A compreensão básica da fisiologia do sono pode auxiliar o profissional clínico a entender suas perturbações. O sono é um estado fisiológico e cíclico que se constitui de duas fases principais: o sono REM (rapid eye movement sleep) e o sono NREM (non rapid eye movement sleep). Essas duas fases se intercalam diversas vezes durante a noite, constituindo o chamado ciclo de sono REM-NREM. Em adultos jovens e saudáveis, cerca de um quinto do tempo de sono é constituído pelo sono REM, fase marcada por intensa atividade cerebral, hipotonia ou atonia muscular e pelos sonhos. O sono NREM se subdivide em três fases (I, II e III), com aumento progressivo de profundidade. Essa fase do sono é marcada pelo relaxamento muscular com manutenção do tônus, menor atividade cerebral e secreção hormonal.4

Normalmente o sono se inicia na fase I do sono NREM, após um breve período de latência. Em poucos minutos o indivíduo progride para a fase II, onde permanece por cerca de 30 a 60 minutos. Após esse período instala-se o sono de ondas lentas, expresso nas fases III do sono NREM. Essa é a fase mais profunda do sono e engloba hoje o que no passado eram as fases III e IV do sono NREM. Após cerca de 90 minutos, o indivíduo atinge a fase de sono REM, completando um primeiro ciclo de sono REM-NREM. Esses ciclos se repetem cerca de cinco vezes durante o período de sono. A fase III do sono NREM predomina na primeira metade da noite, mas quase não ocorre na segunda metade e próximo ao amanhecer.5

Os idosos são uma população relevante para a atenção domiciliar, uma vez que características epidemiológicas, fisiológicas, sociais e funcionais típicas da idade os leva frequentemente a receber cuidados em domicílio, de forma permanente ou transitória. O sono nessa faixa etária possui particularidades que merecem ser conhecidas pelos profissionais de saúde.

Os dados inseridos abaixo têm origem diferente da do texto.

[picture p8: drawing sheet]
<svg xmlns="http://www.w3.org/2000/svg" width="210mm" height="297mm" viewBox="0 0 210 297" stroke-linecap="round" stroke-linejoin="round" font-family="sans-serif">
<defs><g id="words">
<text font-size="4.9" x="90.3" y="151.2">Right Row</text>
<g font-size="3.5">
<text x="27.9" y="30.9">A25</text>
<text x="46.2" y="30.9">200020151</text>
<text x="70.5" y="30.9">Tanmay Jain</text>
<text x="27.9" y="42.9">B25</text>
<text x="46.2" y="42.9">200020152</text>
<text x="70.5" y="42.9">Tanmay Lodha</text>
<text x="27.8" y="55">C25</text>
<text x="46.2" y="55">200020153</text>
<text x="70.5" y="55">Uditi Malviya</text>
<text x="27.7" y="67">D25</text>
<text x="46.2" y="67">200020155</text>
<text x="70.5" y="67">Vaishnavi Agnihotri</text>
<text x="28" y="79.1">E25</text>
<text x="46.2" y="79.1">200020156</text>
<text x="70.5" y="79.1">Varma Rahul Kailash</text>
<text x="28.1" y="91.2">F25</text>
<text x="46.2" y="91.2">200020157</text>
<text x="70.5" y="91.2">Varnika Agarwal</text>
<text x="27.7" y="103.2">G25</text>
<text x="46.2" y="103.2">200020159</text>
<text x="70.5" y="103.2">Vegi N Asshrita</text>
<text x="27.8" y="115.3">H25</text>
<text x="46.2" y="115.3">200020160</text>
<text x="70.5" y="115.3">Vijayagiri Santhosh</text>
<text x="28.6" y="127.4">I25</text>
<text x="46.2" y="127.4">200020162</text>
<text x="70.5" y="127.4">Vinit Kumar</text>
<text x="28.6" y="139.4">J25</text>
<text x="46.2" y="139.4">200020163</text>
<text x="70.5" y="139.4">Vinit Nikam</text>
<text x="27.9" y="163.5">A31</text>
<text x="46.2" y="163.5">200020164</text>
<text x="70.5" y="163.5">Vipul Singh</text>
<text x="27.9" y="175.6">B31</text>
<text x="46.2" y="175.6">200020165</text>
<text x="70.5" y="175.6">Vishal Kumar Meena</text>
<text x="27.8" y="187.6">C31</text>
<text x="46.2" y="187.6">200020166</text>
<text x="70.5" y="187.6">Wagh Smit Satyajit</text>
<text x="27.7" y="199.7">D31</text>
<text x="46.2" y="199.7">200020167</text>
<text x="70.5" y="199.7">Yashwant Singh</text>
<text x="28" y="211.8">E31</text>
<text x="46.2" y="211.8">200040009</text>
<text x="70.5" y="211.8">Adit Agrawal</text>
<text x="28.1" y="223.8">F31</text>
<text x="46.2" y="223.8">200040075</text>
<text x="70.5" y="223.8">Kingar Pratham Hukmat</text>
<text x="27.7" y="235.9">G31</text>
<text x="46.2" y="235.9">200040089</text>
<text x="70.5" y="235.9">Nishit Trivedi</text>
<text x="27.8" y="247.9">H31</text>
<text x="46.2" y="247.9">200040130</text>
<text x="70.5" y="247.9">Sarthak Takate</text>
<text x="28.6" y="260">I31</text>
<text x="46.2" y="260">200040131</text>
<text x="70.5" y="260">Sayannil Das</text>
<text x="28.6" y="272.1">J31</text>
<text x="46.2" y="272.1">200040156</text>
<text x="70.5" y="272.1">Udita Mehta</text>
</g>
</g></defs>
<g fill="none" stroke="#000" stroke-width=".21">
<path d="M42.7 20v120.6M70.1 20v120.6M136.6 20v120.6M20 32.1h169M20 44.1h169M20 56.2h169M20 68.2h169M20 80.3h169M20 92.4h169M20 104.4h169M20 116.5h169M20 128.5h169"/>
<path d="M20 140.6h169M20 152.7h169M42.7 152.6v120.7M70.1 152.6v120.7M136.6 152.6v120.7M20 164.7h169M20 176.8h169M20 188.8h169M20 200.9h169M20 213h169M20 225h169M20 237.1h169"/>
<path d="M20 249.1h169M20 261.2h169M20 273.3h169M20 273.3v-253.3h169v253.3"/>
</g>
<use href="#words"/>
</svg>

O envelhecimento está associado a mudanças na arquitetura do sono, mas essas mudanças não são consideradas patológicas, tampouco se deve partir do pressuposto de que é “normal” que o sono seja ruim nessa faixa etária.6 Diversos estudos demonstram que idosos saudáveis raramente apresentam distúrbios do sono e que idosos que dormem entre 6 e 9 horas têm melhor cognição, saúde física e qualidade de vida em comparação a outros adultos, de qualquer idade, que dormem menos horas ou a mais.6,7

As mudanças arquiteturais do sono, contudo, podem contribuir para a percepção de sono insatisfatório e dificultar essa faixa etária de atingir a quantidade necessária de sono. As principais alterações fisiológicas do sono associadas ao processo de envelhecimento estão descritas no Quadro 1.6

Quadro 1 Alterações fisiológicas do sono associadas ao envelhecimento

Fonte: elaborado pelos autores.

Nessa fase da vida, observa-se também um fenômeno chamado de “avanço de fase de sono”, causado pelo enfraquecimento do ciclo circadiano sono-vigília. Esse fenômeno é caracterizado por maior sonolência no final da tarde e nas primeiras horas da noite, bem como despertares mais precoces. Assim, muitos idosos tendem a adormecer entre as 19 e 21 horas e a despertar cerca de 8 horas depois, entre 3 e 5 da manhã. Nesses casos, os pacientes conseguem obter uma quantidade e eficiência de sono adequadas, mas as expectativas culturais a respeito do sono os levam a acreditar que esse padrão de sono é disfuncional. Assim, os idosos lutam contra o seu período de maior sonolência, na expectativa de que, ao atrasar o horário de início de sono, irão acordar mais tarde no dia seguinte, podendo, portanto, acompanhar o ritmo dos seus familiares. Entretanto, essas medidas geralmente são infrutíferas, uma vez que mesmo combatendo sua sonolência fisiológica e indo dormir mais tarde o idoso mantém o despertar precoce, em decorrência do avanço de fase.6,7 Dessa forma, observa-se que o desejo de se encaixar na rotina do lar implica pior qualidade de sono do que a modificação circadiana em si.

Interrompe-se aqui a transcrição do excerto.